The difficulty of choosing an exchange rate regime and the costs of a wrong decision were a focal point made by the speakers. Several options were laid out. Mohamed El-Erian, managing director of PIMCO and Mahmoud El-Gamal, professor of Islamic economics, presented a paper to the conference wherein they compared between the application of a fixed exchange rate which they term as a nominal anchor, and a flexible exchange rate wherein a target inflation rate is the focus, in five Arab economies. They say that although a nominal anchor is desirable to stabilise inflation it has its shortcomings because it reduces policy freedom, uses up reserves as a shock absorber, and is vulnerable to speculative attacks. The inflation targeting flexible exchange rate policy provides a commitment for long-term price stability. It involves public announcements of the inflation target, needs CBE autonomy, appropriate accountability and transparency procedures, a better regulated and supervised domestic financial market as well as greater information dissemination.
El-Gamal and El-Erian caution that Arab countries should not wait for a crisis situation to make a hasty decision of transition from one regime to another, because, according to them, a crisis would undermine the confidence they wish to establish in the new regime.
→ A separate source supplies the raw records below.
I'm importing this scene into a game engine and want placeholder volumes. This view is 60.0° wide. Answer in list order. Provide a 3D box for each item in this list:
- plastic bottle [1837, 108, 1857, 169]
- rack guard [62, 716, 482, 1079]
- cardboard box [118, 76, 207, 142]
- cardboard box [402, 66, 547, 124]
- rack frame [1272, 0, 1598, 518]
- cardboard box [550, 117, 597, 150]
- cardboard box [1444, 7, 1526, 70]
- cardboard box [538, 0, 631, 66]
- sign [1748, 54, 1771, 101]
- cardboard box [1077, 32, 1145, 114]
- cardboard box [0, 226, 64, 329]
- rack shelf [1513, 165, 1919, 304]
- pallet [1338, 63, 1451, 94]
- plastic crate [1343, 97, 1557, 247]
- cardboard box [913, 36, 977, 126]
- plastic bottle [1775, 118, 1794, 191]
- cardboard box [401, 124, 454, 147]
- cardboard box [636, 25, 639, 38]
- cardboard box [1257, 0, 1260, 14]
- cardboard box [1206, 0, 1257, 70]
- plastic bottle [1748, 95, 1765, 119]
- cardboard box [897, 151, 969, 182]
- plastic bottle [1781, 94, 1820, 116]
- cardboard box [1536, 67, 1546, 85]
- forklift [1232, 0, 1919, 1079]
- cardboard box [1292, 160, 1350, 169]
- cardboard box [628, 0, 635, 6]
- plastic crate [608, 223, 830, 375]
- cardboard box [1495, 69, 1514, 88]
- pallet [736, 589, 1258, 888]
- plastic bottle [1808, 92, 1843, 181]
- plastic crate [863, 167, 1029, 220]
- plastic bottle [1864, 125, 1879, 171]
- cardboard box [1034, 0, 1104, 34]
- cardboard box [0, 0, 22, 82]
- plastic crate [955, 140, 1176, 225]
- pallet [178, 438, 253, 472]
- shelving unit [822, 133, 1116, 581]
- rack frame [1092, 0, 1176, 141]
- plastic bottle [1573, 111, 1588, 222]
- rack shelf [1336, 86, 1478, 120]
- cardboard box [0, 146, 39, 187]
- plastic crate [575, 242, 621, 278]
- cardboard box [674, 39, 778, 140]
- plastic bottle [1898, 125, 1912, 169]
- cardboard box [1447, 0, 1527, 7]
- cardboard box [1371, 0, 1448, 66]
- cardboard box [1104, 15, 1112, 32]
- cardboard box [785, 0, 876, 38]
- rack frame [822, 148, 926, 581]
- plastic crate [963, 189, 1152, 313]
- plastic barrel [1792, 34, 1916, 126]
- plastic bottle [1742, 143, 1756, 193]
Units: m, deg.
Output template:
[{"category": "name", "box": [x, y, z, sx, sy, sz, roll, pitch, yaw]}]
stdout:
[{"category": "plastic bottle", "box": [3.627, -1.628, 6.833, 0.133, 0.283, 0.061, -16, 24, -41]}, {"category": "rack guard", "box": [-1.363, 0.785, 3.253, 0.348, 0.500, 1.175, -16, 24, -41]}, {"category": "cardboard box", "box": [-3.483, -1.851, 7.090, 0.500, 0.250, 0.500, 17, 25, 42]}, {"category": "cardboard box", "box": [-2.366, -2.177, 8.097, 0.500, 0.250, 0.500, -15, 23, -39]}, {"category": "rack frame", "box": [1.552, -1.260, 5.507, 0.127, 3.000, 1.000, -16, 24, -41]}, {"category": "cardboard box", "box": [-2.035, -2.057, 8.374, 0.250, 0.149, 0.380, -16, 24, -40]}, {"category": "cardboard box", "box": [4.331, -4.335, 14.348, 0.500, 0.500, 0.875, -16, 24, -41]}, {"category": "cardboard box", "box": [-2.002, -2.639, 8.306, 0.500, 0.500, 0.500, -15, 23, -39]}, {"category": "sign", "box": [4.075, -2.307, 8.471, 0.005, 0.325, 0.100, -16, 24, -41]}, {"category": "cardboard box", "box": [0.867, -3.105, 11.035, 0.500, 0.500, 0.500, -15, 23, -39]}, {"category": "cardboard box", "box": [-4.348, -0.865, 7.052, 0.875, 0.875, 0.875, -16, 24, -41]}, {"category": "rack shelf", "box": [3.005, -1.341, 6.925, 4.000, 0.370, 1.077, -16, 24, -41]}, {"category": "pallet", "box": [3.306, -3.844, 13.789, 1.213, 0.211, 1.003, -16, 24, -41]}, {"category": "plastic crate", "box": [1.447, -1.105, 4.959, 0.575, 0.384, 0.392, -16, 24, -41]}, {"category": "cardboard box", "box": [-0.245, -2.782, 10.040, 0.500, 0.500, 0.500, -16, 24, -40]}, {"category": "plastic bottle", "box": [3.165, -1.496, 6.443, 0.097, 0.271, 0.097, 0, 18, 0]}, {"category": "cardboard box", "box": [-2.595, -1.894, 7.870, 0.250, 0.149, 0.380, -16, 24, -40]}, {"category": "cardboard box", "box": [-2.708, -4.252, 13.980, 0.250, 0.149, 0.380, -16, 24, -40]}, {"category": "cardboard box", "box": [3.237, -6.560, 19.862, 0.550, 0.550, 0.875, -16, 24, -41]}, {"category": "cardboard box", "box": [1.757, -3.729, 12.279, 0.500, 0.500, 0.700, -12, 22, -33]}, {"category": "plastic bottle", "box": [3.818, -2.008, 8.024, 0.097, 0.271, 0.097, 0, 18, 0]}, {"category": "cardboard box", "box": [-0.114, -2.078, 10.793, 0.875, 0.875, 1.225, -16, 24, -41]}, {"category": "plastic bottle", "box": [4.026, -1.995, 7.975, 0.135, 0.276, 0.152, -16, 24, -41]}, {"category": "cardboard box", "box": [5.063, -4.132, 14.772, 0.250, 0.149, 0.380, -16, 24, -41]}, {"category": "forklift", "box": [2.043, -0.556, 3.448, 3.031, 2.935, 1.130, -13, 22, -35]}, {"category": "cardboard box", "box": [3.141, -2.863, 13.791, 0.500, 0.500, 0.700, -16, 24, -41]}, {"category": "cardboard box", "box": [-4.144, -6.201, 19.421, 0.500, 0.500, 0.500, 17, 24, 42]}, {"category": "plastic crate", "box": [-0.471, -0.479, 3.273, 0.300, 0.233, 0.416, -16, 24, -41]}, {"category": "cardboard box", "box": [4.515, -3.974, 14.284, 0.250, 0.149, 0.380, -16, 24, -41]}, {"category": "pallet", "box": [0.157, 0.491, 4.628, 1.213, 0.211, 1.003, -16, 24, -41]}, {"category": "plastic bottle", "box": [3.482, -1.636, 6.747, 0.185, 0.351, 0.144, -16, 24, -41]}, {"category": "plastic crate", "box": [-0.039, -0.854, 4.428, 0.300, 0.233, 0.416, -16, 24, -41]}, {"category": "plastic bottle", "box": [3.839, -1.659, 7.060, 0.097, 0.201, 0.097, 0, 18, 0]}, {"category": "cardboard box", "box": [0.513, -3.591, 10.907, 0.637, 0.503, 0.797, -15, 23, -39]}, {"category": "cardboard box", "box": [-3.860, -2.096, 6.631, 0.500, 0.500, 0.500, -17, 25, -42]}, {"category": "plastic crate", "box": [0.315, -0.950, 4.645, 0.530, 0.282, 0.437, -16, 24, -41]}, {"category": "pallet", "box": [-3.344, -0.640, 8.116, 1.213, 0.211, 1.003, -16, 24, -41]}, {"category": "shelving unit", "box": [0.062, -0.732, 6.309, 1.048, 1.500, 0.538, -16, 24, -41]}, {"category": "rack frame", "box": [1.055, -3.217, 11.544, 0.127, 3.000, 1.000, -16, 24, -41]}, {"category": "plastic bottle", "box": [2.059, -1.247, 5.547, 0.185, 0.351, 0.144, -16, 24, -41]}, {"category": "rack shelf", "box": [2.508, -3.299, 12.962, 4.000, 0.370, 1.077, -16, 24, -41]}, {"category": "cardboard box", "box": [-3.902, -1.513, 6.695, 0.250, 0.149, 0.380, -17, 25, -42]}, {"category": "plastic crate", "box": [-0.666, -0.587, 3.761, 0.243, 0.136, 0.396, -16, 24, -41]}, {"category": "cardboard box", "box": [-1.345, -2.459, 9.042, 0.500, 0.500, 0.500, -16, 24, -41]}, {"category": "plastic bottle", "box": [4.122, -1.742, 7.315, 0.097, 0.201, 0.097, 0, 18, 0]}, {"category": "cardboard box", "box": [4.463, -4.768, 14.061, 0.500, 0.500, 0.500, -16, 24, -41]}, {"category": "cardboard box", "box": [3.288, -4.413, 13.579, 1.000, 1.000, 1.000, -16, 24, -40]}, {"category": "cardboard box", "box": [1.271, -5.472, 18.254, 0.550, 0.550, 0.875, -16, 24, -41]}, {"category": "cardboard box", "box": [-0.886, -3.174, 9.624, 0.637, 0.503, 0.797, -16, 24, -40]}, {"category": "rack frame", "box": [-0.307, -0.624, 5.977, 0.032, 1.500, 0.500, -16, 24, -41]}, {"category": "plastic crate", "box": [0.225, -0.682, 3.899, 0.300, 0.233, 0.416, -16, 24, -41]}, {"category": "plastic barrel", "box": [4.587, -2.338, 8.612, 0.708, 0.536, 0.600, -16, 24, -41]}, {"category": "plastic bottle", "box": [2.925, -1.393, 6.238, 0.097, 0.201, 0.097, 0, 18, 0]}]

As El-Erian pointed out, domestic and international challenges are increasing and becoming more complicated. He suggests that the experience of other emerging markets suggests that Arab economies have to choose greater exchange rate flexibility.
Andres Velasco, of Kennedy School of Government, Harvard University, presented a similar point of view. In his paper to the conference he points out that over the past two decades an increasing number of developing countries have been moving towards an exchange rate regime that entails flexibility. He cited the recent crises which "left many economies with no alternative but to float."
But not everyone is an advocate of the fixed or the flexible regimes. John Williamson of the Institute for International Economics is in favour of an intermediate regime. He said in his paper to the conference that such a regime "allows policy to be directed to limiting misalignments, which is something that cannot be claimed by either of the corners." He explained that fixed rates allow currencies to become overvalued or undervalued, while the floating rates lead to sharper misalignments.